The presence and absence of abdominal or respiratory symptoms did not correlate significantly to working diagnosis (P = 0.903 and P = 0.250, respectively; Fisher's test). All sliding hernias had abdominal symptoms (Table 16), but none had respiratory symptoms (Table 17). Generally, most DHs had abdominal symptoms, with a lower proportion of respiratory symptoms (see also Table 4).

Table 16 Abdominal symptoms by hernia side.

Symptoms		Left	Right	Sliding	Total
No	n	28	4	0	32
	%	22.8	25.0	0.0	21.9
Yes	n	95	12	7	114
	%	77.2	75.0	100.0	78.1
Total	n	123	16	7	146
	%	100.0	100.0	100.0	100.0

Table 17 Respiratory symptoms by hernia side.

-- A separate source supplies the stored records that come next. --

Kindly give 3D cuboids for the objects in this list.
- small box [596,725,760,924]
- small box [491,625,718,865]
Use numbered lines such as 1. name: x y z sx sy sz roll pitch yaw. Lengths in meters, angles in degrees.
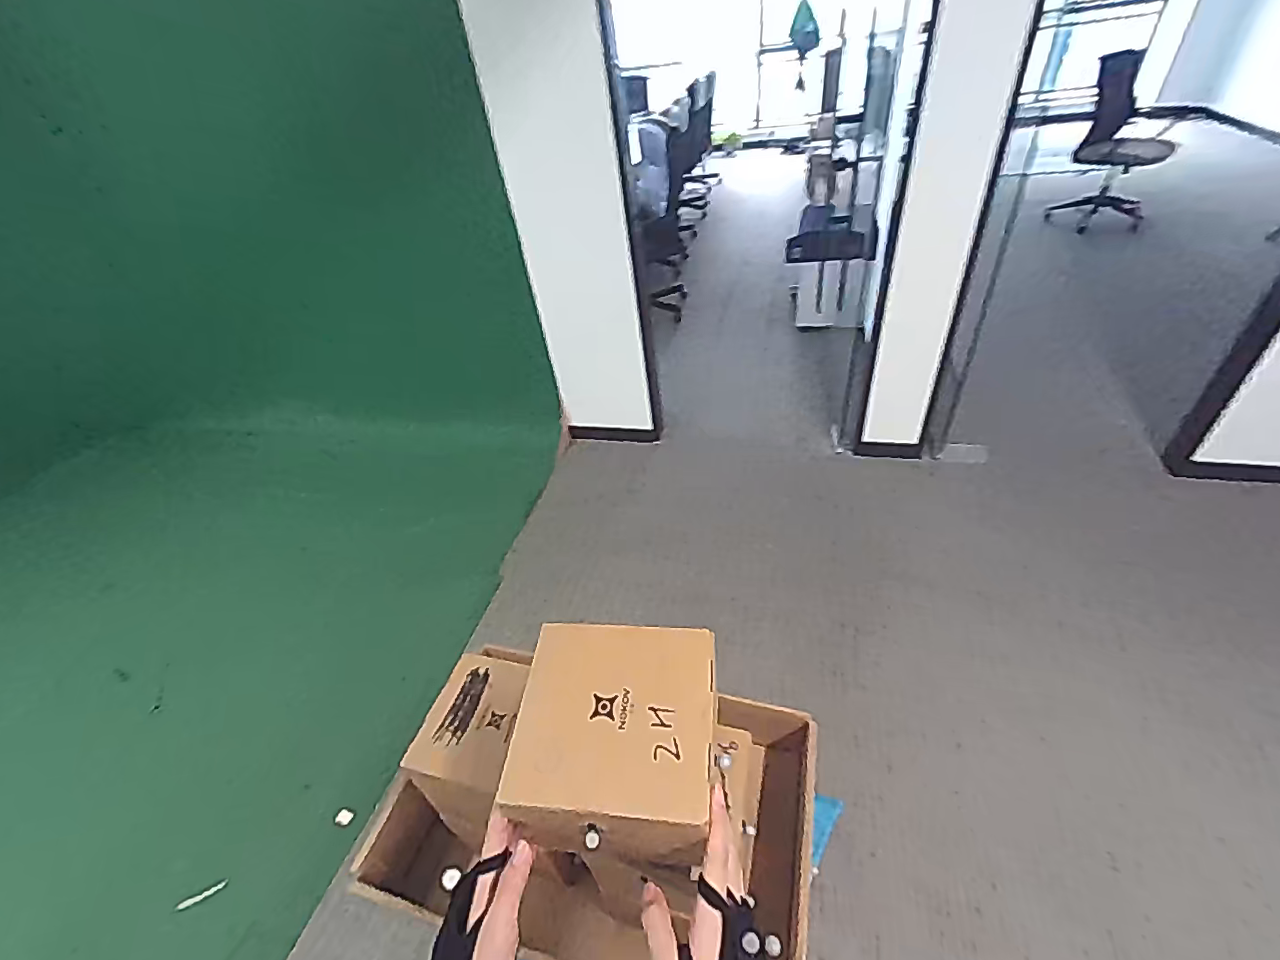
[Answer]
1. small box: 0.050 0.416 0.674 0.179 0.176 0.168 3 42 18
2. small box: -0.017 0.262 0.536 0.179 0.176 0.168 -1 46 11
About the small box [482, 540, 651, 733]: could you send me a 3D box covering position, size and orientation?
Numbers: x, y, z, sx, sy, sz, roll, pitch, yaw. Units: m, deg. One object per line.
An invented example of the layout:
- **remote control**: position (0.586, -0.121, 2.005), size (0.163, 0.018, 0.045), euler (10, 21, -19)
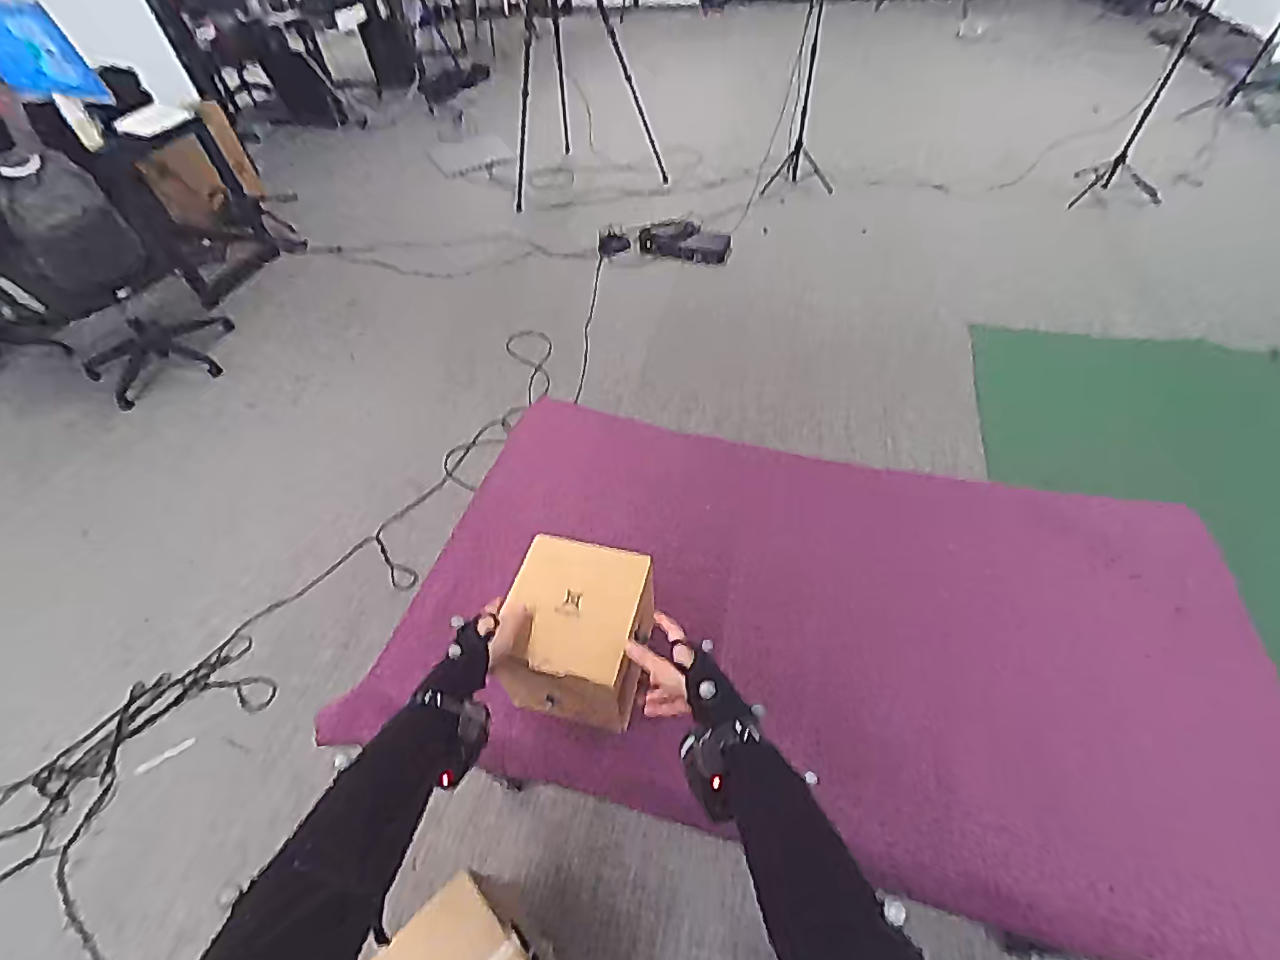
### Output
- **small box**: position (-0.084, 0.210, 0.726), size (0.168, 0.176, 0.179), euler (9, 50, 11)
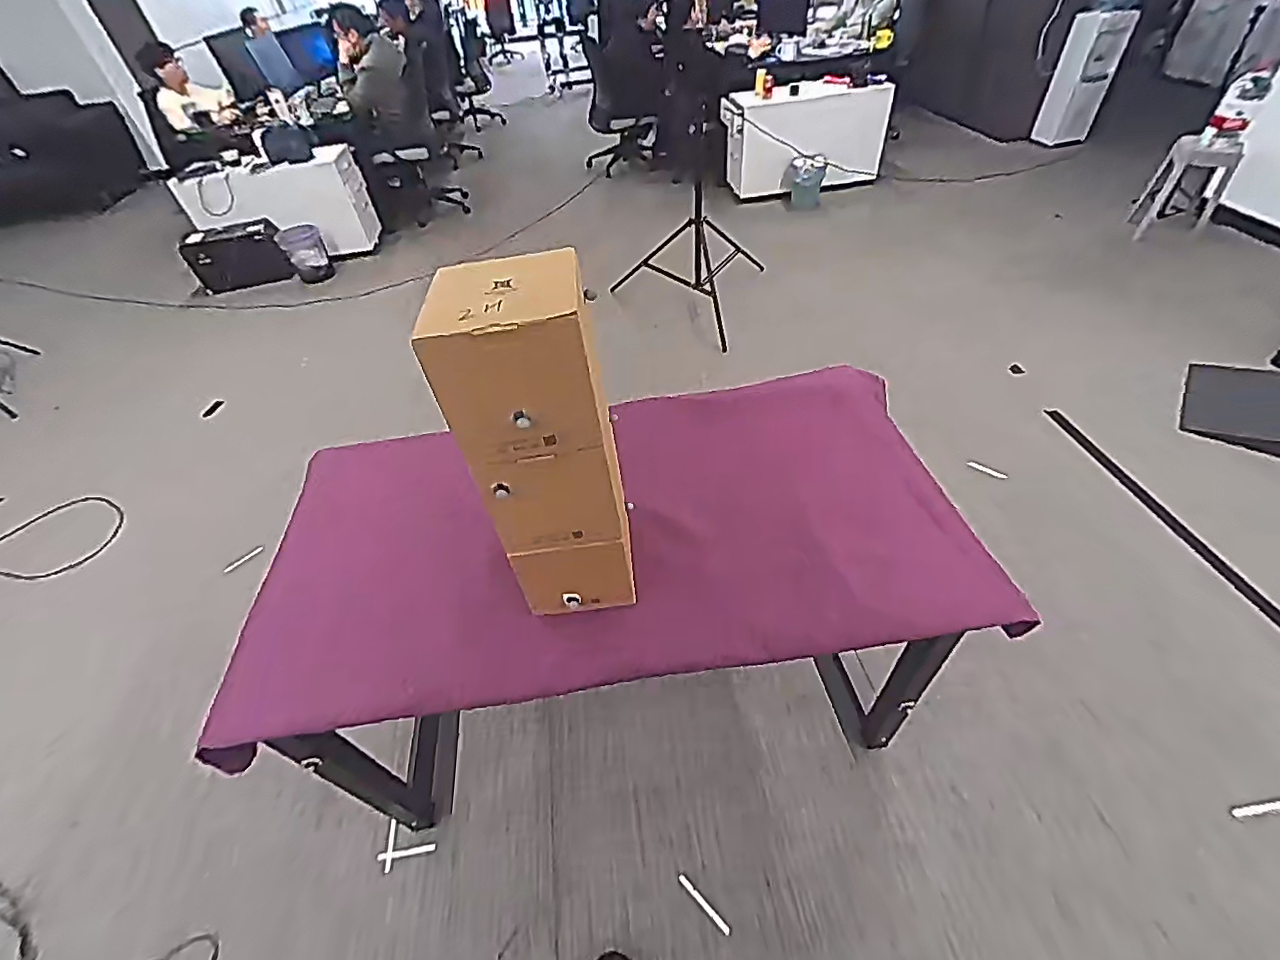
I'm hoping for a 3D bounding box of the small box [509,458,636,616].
[{"bbox_3d":[-0.101,0.091,0.863,0.168,0.176,0.179,-8,46,0],"label":"small box"}]

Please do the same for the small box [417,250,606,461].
[{"bbox_3d":[-0.136,-0.147,0.638,0.168,0.176,0.179,-9,44,0],"label":"small box"}]
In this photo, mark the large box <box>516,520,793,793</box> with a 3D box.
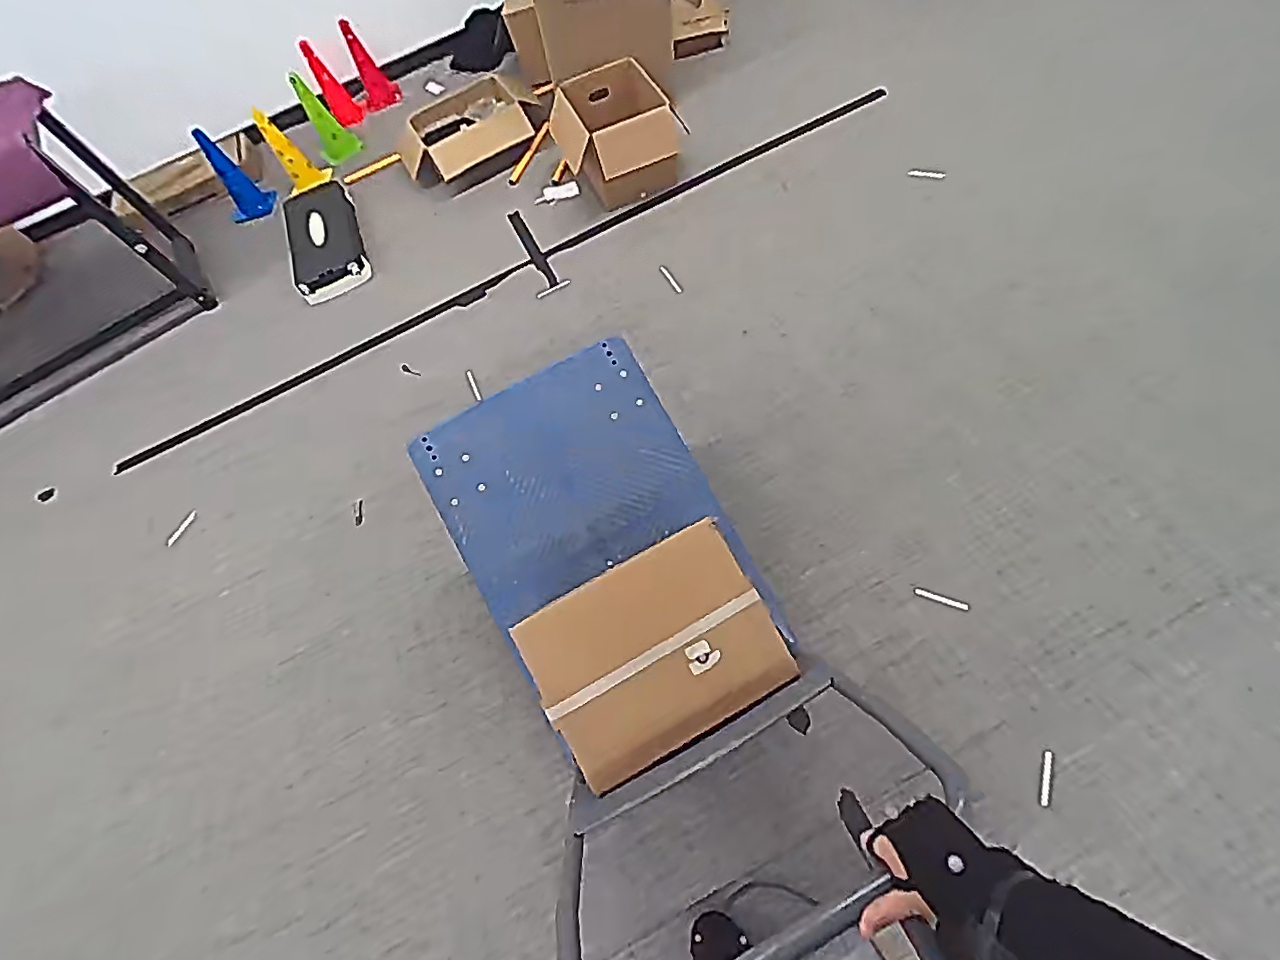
[{"bbox_3d":[0.021,0.323,1.090,0.408,0.320,0.320,-30,85,-6],"label":"large box"}]
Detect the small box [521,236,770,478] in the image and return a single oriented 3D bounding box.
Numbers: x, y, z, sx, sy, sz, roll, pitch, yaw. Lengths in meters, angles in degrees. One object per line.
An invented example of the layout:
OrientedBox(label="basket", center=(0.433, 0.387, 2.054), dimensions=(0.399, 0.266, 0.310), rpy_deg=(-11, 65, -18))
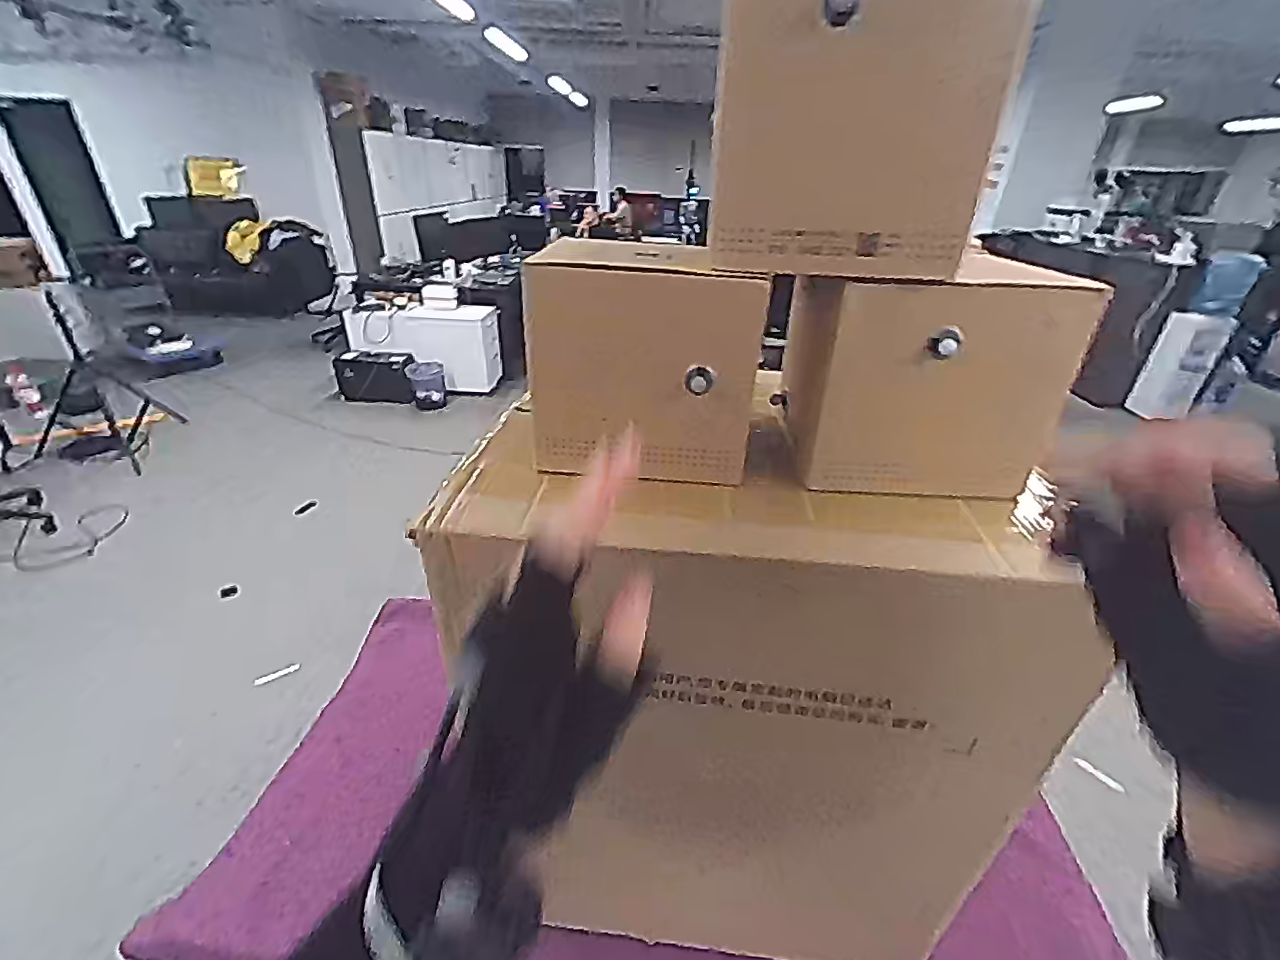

Symptoms		Left	Right	Sliding	Total
No	n	75	8	7	90
	%	62.5	50.0	100.0	62.9
Yes	n	45	8	0	53
	%	37.5	50.0	0.0	37.1
Total	n	120	16	7	143
	%	100.0	100.0	100.0	100.0

DH type correlated with surgical intervention, i.e., there was a statistically significant difference (P < 0.001; Fisher's exact test) in the proportion of operated vs nonoperated hernias by type (Table 18). However, the same was not true regarding the type of surgical access (laparoscopy, laparotomy, or thoracotomy; P = 0.486; Fisher's exact test).

Table 18 Operated vs nonoperated hernias by type.

Hernia type		Not operated	Operated	Total
Congenital	n	5	53	58
	%	8.6	91.4	100.0
Posttraumatic	n	4	30	34
	%	11.8	88.2	100.0
During labor	n	3	10	13
	%	23.1	76.9	100.0
Hiatal	n	13	10	23
	%	56.5	43.5	100.0
Total	n	25	103	128
	%	19.5	80.5	100.0

The timing of diagnosis (before vs after pregnancy) did not correlate with the presence of abdominal (P = 0.427) or respiratory (P = 0.494; Fisher's exact test) symptoms compared to those diagnosed during pregnancy.

There were statistically significant differences in neonatal weight percentile (P = 0.025) but not in the gestational age (P = 0.548; Kruskal-Wallis ANOVA) between antenatal, intrapartum, or postnatal DH operations. The statistical significance of differences results from differences between hernias operated during delivery vs after delivery (P = 0.019) or in pregnancy (P = 0.070; Dwass-Steel-Critchlow-Fligner pairwise comparison; Table 19). Results should be interpreted cautiously due to the small number of observations per group.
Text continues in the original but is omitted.